To do:
Your task is to output the data exactly as it stands.

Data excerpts
——
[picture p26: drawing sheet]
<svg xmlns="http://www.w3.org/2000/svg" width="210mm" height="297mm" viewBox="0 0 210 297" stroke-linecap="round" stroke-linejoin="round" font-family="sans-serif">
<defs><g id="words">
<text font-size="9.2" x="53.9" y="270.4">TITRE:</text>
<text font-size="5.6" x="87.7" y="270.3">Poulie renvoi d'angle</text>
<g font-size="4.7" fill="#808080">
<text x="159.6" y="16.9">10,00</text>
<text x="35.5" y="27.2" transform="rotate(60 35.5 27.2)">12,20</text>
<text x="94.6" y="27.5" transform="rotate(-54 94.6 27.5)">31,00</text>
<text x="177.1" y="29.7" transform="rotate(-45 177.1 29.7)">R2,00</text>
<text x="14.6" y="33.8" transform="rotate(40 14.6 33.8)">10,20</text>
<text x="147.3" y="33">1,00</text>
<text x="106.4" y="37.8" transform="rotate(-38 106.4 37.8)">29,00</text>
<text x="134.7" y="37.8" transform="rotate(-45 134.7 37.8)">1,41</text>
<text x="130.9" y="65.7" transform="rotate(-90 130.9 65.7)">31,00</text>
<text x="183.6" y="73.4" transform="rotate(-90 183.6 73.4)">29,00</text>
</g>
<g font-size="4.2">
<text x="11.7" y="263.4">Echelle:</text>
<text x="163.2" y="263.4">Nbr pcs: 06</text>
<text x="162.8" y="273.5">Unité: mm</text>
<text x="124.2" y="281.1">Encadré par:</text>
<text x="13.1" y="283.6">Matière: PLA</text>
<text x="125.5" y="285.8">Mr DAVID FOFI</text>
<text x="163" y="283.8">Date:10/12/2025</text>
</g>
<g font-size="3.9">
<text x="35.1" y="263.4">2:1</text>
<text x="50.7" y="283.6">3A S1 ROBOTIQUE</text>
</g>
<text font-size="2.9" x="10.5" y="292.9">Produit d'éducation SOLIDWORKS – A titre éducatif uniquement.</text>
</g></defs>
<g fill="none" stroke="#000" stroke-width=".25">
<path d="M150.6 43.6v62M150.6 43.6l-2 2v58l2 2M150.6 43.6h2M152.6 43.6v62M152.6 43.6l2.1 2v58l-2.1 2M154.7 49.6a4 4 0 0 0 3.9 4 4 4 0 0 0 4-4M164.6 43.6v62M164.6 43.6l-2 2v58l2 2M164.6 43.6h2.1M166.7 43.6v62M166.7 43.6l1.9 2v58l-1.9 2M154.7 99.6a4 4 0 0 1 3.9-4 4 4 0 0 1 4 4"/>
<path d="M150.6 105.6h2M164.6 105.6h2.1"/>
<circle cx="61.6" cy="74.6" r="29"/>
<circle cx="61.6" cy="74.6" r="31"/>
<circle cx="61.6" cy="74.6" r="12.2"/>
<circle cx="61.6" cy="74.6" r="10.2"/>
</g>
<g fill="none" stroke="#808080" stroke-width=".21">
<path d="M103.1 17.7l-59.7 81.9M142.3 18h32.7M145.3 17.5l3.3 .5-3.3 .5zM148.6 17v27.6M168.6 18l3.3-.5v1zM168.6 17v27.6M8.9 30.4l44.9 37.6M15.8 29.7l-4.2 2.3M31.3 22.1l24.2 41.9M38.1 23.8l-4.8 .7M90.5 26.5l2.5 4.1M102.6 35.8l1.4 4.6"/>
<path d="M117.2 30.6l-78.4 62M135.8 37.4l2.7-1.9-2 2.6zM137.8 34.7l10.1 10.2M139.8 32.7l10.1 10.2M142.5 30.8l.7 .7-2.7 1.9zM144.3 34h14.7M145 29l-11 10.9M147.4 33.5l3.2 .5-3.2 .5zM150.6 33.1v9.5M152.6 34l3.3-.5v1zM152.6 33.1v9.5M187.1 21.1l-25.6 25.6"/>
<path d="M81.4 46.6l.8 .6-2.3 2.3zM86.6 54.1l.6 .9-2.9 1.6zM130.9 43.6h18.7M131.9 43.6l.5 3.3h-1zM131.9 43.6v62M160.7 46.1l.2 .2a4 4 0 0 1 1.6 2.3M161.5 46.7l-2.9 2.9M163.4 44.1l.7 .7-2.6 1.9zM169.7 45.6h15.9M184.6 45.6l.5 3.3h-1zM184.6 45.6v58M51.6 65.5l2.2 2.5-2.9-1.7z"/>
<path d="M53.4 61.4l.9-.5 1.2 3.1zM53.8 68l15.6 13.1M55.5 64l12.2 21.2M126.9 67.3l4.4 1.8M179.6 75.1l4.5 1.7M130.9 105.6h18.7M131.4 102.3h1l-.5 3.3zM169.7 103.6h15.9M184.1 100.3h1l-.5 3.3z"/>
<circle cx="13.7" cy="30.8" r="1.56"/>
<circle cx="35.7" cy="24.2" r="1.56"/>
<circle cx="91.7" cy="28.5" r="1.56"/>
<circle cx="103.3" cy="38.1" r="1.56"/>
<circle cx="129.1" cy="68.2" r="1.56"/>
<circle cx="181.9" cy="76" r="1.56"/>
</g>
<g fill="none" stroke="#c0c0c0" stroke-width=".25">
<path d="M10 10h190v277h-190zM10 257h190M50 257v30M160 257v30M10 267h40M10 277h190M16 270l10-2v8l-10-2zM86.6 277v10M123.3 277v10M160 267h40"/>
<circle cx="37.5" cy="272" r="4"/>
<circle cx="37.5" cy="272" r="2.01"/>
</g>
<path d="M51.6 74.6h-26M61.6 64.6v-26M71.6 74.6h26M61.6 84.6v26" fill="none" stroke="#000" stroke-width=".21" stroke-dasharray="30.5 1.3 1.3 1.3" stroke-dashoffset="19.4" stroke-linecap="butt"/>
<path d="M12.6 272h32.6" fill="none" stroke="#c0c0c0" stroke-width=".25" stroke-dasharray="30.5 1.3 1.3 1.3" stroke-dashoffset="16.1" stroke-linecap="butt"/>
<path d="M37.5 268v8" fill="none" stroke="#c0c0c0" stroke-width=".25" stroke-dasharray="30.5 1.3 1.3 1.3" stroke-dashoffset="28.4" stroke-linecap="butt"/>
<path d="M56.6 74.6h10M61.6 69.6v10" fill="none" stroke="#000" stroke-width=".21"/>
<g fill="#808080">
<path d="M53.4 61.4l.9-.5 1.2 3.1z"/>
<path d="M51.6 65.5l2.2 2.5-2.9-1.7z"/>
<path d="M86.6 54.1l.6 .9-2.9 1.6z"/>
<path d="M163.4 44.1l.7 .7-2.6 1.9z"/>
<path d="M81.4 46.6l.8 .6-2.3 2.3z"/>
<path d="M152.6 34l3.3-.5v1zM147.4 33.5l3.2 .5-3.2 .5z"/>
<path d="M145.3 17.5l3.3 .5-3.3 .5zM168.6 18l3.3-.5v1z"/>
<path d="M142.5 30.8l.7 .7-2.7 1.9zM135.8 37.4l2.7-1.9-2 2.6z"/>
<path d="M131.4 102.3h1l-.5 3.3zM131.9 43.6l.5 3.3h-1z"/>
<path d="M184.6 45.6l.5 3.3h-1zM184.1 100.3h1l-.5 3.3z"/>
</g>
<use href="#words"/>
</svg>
——
Written answer:
[picture p26: drawing sheet]
<svg xmlns="http://www.w3.org/2000/svg" width="210mm" height="297mm" viewBox="0 0 210 297" stroke-linecap="round" stroke-linejoin="round" font-family="sans-serif">
<defs><g id="words">
<text font-size="9.2" x="53.9" y="270.4">TITRE:</text>
<text font-size="5.6" x="87.7" y="270.3">Poulie renvoi d'angle</text>
<g font-size="4.7" fill="#808080">
<text x="159.6" y="16.9">10,00</text>
<text x="35.5" y="27.2" transform="rotate(60 35.5 27.2)">12,20</text>
<text x="94.6" y="27.5" transform="rotate(-54 94.6 27.5)">31,00</text>
<text x="177.1" y="29.7" transform="rotate(-45 177.1 29.7)">R2,00</text>
<text x="14.6" y="33.8" transform="rotate(40 14.6 33.8)">10,20</text>
<text x="147.3" y="33">1,00</text>
<text x="106.4" y="37.8" transform="rotate(-38 106.4 37.8)">29,00</text>
<text x="134.7" y="37.8" transform="rotate(-45 134.7 37.8)">1,41</text>
<text x="130.9" y="65.7" transform="rotate(-90 130.9 65.7)">31,00</text>
<text x="183.6" y="73.4" transform="rotate(-90 183.6 73.4)">29,00</text>
</g>
<g font-size="4.2">
<text x="11.7" y="263.4">Echelle:</text>
<text x="163.2" y="263.4">Nbr pcs: 06</text>
<text x="162.8" y="273.5">Unité: mm</text>
<text x="124.2" y="281.1">Encadré par:</text>
<text x="13.1" y="283.6">Matière: PLA</text>
<text x="125.5" y="285.8">Mr DAVID FOFI</text>
<text x="163" y="283.8">Date:10/12/2025</text>
</g>
<g font-size="3.9">
<text x="35.1" y="263.4">2:1</text>
<text x="50.7" y="283.6">3A S1 ROBOTIQUE</text>
</g>
<text font-size="2.9" x="10.5" y="292.9">Produit d'éducation SOLIDWORKS – A titre éducatif uniquement.</text>
</g></defs>
<g fill="none" stroke="#000" stroke-width=".25">
<path d="M150.6 43.6v62M150.6 43.6l-2 2v58l2 2M150.6 43.6h2M152.6 43.6v62M152.6 43.6l2.1 2v58l-2.1 2M154.7 49.6a4 4 0 0 0 3.9 4 4 4 0 0 0 4-4M164.6 43.6v62M164.6 43.6l-2 2v58l2 2M164.6 43.6h2.1M166.7 43.6v62M166.7 43.6l1.9 2v58l-1.9 2M154.7 99.6a4 4 0 0 1 3.9-4 4 4 0 0 1 4 4"/>
<path d="M150.6 105.6h2M164.6 105.6h2.1"/>
<circle cx="61.6" cy="74.6" r="29"/>
<circle cx="61.6" cy="74.6" r="31"/>
<circle cx="61.6" cy="74.6" r="12.2"/>
<circle cx="61.6" cy="74.6" r="10.2"/>
</g>
<g fill="none" stroke="#808080" stroke-width=".21">
<path d="M103.1 17.7l-59.7 81.9M142.3 18h32.7M145.3 17.5l3.3 .5-3.3 .5zM148.6 17v27.6M168.6 18l3.3-.5v1zM168.6 17v27.6M8.9 30.4l44.9 37.6M15.8 29.7l-4.2 2.3M31.3 22.1l24.2 41.9M38.1 23.8l-4.8 .7M90.5 26.5l2.5 4.1M102.6 35.8l1.4 4.6"/>
<path d="M117.2 30.6l-78.4 62M135.8 37.4l2.7-1.9-2 2.6zM137.8 34.7l10.1 10.2M139.8 32.7l10.1 10.2M142.5 30.8l.7 .7-2.7 1.9zM144.3 34h14.7M145 29l-11 10.9M147.4 33.5l3.2 .5-3.2 .5zM150.6 33.1v9.5M152.6 34l3.3-.5v1zM152.6 33.1v9.5M187.1 21.1l-25.6 25.6"/>
<path d="M81.4 46.6l.8 .6-2.3 2.3zM86.6 54.1l.6 .9-2.9 1.6zM130.9 43.6h18.7M131.9 43.6l.5 3.3h-1zM131.9 43.6v62M160.7 46.1l.2 .2a4 4 0 0 1 1.6 2.3M161.5 46.7l-2.9 2.9M163.4 44.1l.7 .7-2.6 1.9zM169.7 45.6h15.9M184.6 45.6l.5 3.3h-1zM184.6 45.6v58M51.6 65.5l2.2 2.5-2.9-1.7z"/>
<path d="M53.4 61.4l.9-.5 1.2 3.1zM53.8 68l15.6 13.1M55.5 64l12.2 21.2M126.9 67.3l4.4 1.8M179.6 75.1l4.5 1.7M130.9 105.6h18.7M131.4 102.3h1l-.5 3.3zM169.7 103.6h15.9M184.1 100.3h1l-.5 3.3z"/>
<circle cx="13.7" cy="30.8" r="1.56"/>
<circle cx="35.7" cy="24.2" r="1.56"/>
<circle cx="91.7" cy="28.5" r="1.56"/>
<circle cx="103.3" cy="38.1" r="1.56"/>
<circle cx="129.1" cy="68.2" r="1.56"/>
<circle cx="181.9" cy="76" r="1.56"/>
</g>
<g fill="none" stroke="#c0c0c0" stroke-width=".25">
<path d="M10 10h190v277h-190zM10 257h190M50 257v30M160 257v30M10 267h40M10 277h190M16 270l10-2v8l-10-2zM86.6 277v10M123.3 277v10M160 267h40"/>
<circle cx="37.5" cy="272" r="4"/>
<circle cx="37.5" cy="272" r="2.01"/>
</g>
<path d="M51.6 74.6h-26M61.6 64.6v-26M71.6 74.6h26M61.6 84.6v26" fill="none" stroke="#000" stroke-width=".21" stroke-dasharray="30.5 1.3 1.3 1.3" stroke-dashoffset="19.4" stroke-linecap="butt"/>
<path d="M12.6 272h32.6" fill="none" stroke="#c0c0c0" stroke-width=".25" stroke-dasharray="30.5 1.3 1.3 1.3" stroke-dashoffset="16.1" stroke-linecap="butt"/>
<path d="M37.5 268v8" fill="none" stroke="#c0c0c0" stroke-width=".25" stroke-dasharray="30.5 1.3 1.3 1.3" stroke-dashoffset="28.4" stroke-linecap="butt"/>
<path d="M56.6 74.6h10M61.6 69.6v10" fill="none" stroke="#000" stroke-width=".21"/>
<g fill="#808080">
<path d="M53.4 61.4l.9-.5 1.2 3.1z"/>
<path d="M51.6 65.5l2.2 2.5-2.9-1.7z"/>
<path d="M86.6 54.1l.6 .9-2.9 1.6z"/>
<path d="M163.4 44.1l.7 .7-2.6 1.9z"/>
<path d="M81.4 46.6l.8 .6-2.3 2.3z"/>
<path d="M152.6 34l3.3-.5v1zM147.4 33.5l3.2 .5-3.2 .5z"/>
<path d="M145.3 17.5l3.3 .5-3.3 .5zM168.6 18l3.3-.5v1z"/>
<path d="M142.5 30.8l.7 .7-2.7 1.9zM135.8 37.4l2.7-1.9-2 2.6z"/>
<path d="M131.4 102.3h1l-.5 3.3zM131.9 43.6l.5 3.3h-1z"/>
<path d="M184.6 45.6l.5 3.3h-1zM184.1 100.3h1l-.5 3.3z"/>
</g>
<use href="#words"/>
</svg>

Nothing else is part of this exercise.